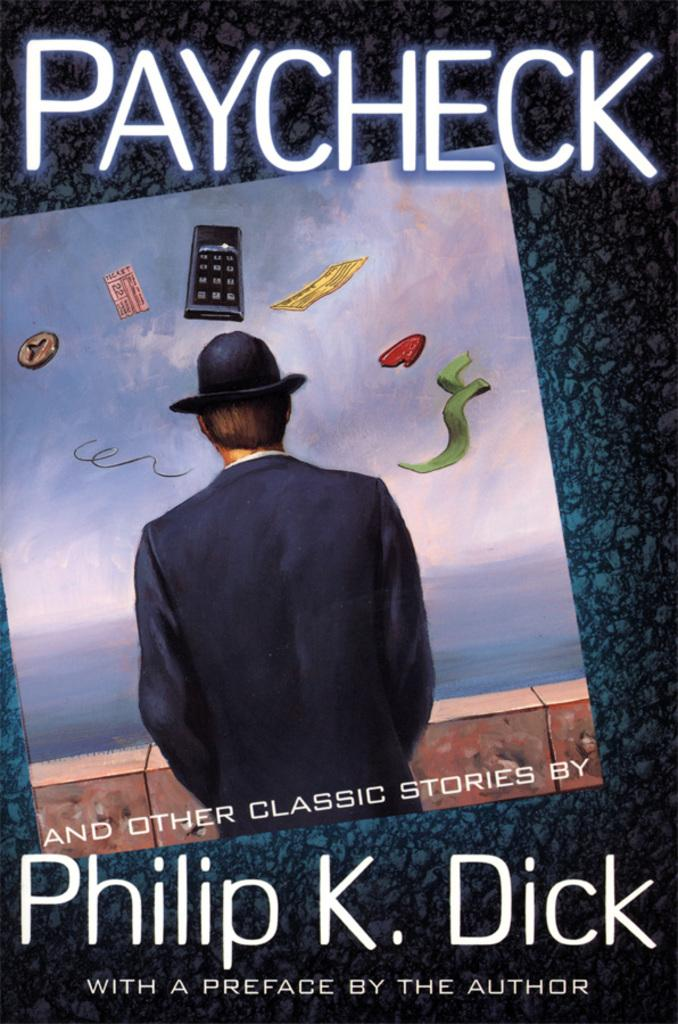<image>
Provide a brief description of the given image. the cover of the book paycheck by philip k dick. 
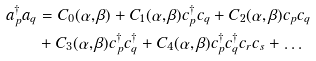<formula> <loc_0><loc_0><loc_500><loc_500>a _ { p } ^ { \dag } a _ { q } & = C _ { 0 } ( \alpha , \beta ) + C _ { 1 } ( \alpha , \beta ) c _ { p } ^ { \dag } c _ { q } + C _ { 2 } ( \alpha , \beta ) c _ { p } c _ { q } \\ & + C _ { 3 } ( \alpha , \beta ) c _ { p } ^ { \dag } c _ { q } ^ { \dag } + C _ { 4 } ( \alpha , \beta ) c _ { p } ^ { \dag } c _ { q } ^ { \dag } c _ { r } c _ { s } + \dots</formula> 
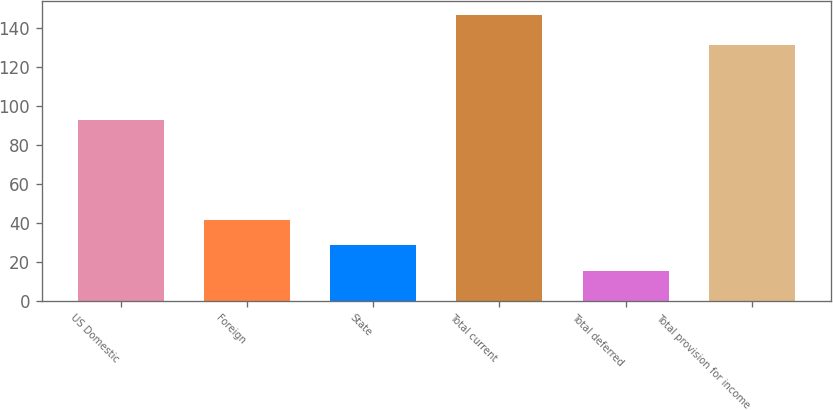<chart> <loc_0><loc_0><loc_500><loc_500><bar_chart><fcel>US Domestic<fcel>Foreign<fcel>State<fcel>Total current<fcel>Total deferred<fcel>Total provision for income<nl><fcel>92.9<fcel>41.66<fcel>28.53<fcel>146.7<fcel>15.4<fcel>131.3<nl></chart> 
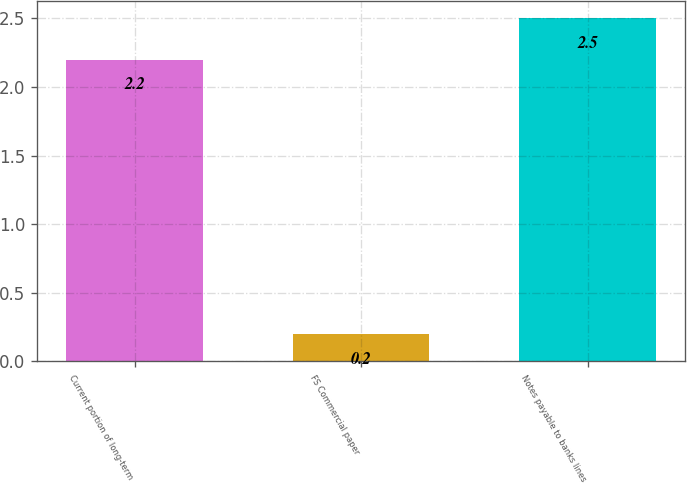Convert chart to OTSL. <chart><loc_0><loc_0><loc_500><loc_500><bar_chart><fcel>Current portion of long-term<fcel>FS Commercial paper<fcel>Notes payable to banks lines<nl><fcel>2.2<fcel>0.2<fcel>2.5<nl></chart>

------------------------

Work instructions ▸
Your task is to repeat the opening line of the entries above and each line after it, ending with the line that has "<formula> <loc_0><loc_0><loc_500><loc_500>a _". Do not include the pictures.

Answer to this problem ▸
<image>
Provide a brief description of the given image. the cover of the book paycheck by philip k dick. 
<formula> <loc_0><loc_0><loc_500><loc_500>a _ { p } ^ { \dag } a _ { q } & = C _ { 0 } ( \alpha , \beta ) + C _ { 1 } ( \alpha , \beta ) c _ { p } ^ { \dag } c _ { q } + C _ { 2 } ( \alpha , \beta ) c _ { p } c _ { q } \\ & + C _ { 3 } ( \alpha , \beta ) c _ { p } ^ { \dag } c _ { q } ^ { \dag } + C _ { 4 } ( \alpha , \beta ) c _ { p } ^ { \dag } c _ { q } ^ { \dag } c _ { r } c _ { s } + \dots</formula> 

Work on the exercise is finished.